1, a linear table definition
Linear table is a linear structure . Characteristics of linear structure is a linear relation, the data elements "arranged one after" between data elements. A linear type of data elements in the table is the same, or a linear structure is composed of a linear list of data elements of the same type. Examples of the linear form in a lot of practical problems, such as the case of student information table is a linear table: Type of the data element type students table; a string is a linear table: type table for the character data elements, and many more.
In summary, the linear form is defined as follows: a linear table having the same data type n (n> = 0) is a finite sequence of data elements , usually referred to as: (a1, a2, ... ai -1, ai, ai + 1, ... an)
where n is the length of the table, n = 0 sometimes referred to as an empty table. It exists order between adjacent elements in the table.
- It referred to the presence of only the first data element
- Exists only one is referred to the last data element
- Except the first one, each data element in the set are only a precursor
- Except the last addition, each data element in the collection are only a successor
2, the basic operation of the linear form
Computed data structure is defined in the logical structure level, the specific implementation calculation is based on the storage structure, so the basic operation of the linear form defined below as part of the logical structure of the specific implementation of each operation is only determined after completion of the storage structure to the linear form.
There is the basic operation on the linear form:
Initialization ⑴ linear form: Init_List (L)
Initial conditions: an empty linear configuration: Table L is present operation result
⑵ seek length linear form: Length_List (L)
Initial conditions: TABLE L exists
Result: returns the number of elements contained in the linear form
⑶ take bucket: Get_List (L, i)
the initial conditions: the presence of L and Table 1 <= i <= Length_List ( L)

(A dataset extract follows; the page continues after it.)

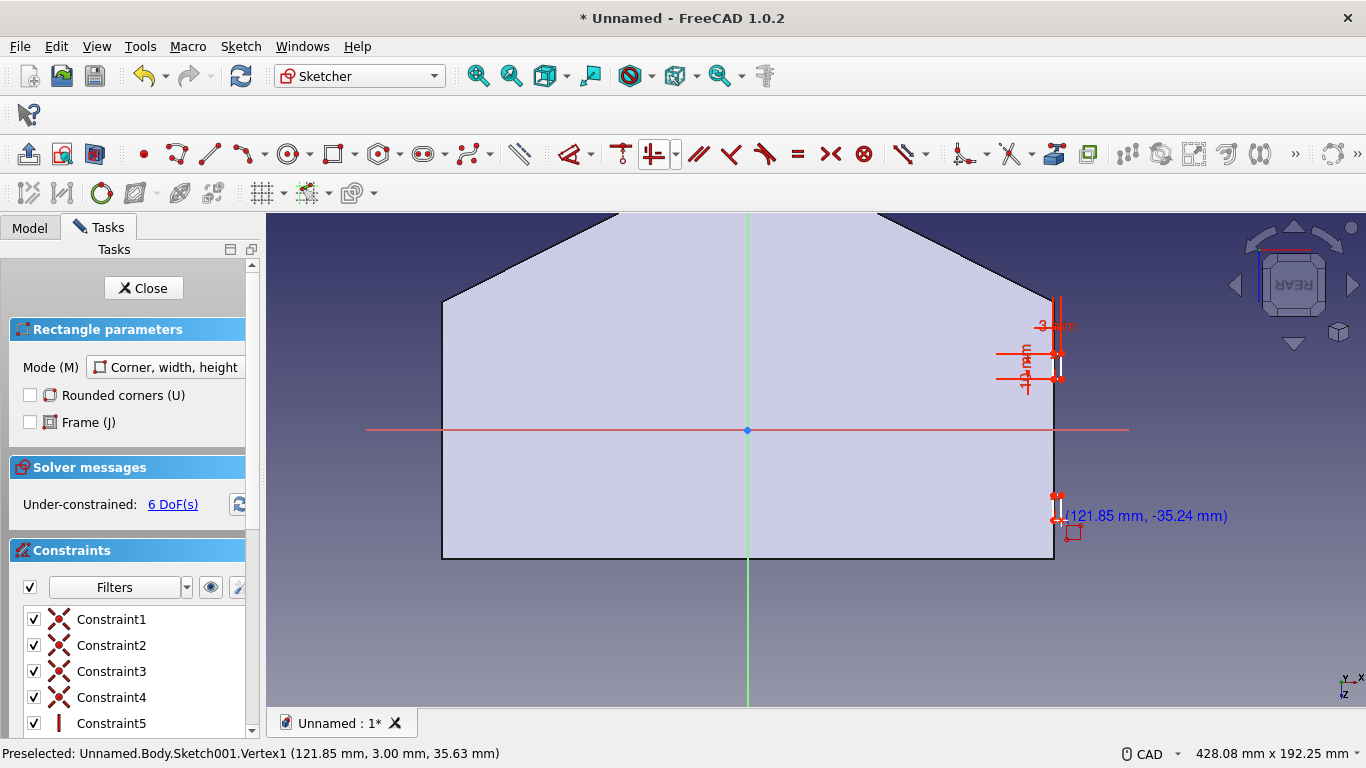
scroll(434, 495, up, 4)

Result: return address value or a linear list L i-th element
⑷ by value lookup: Locate_List (L, x), x is a given data element.
Initial conditions: the presence of a linear list L
Result: Find the value of x in the data element in the list L, which returns the result number or address of that element first appears is x in L called the search is successful; otherwise, x L data element value is not found, return a special value indicates lookup failed.
⑸ insert: Insert_List (L, i, x )
initial conditions: the presence of a linear list L, the correct position (1 <= i <= n + 1, n is the length of the table prior to insertion).
Result: inserting a new element is a linear list L x of the i-th position, so that the original serial number i, i + 1, ..., n number of data elements becomes i + 1 is, i +2, ..., n + 1, the original table into the table length = length + 1.
⑹ deletion: Delete_List (L, i)
the initial conditions: the presence of a linear list L, 1 <= i <= n .
Result: linear list L delete the corresponding data element i, so that the number is deleted i + 1, i + 2, ..., n is the number of elements becomes i, i + 1, ..., n-1, a new table length = length of the original table 1.
Note that:
the basic operation on a data structure 1, not its entire operation, but the basic operation is common, but each of the basic operations when implemented may derive a series of related structures according to different storage the operations to. Such as linear lookup table in the chain will have to find storage structure by serial number; Again insertion operation, the new element may be inserted into position x and the like, all possible nor necessary to define its operation set after reader control basic operations on certain data structures, other operations can be accomplished by basic operations, or directly to achieve.
2. The definition of each operation in the above is just a linear list L abstract logical hierarchy structure of linear form, it has not been related to the storage structure, so that each operation can not hierarchy logical structure of certain specific programming language write specific algorithm, and the algorithm achieved only after the establishment of the storage structure.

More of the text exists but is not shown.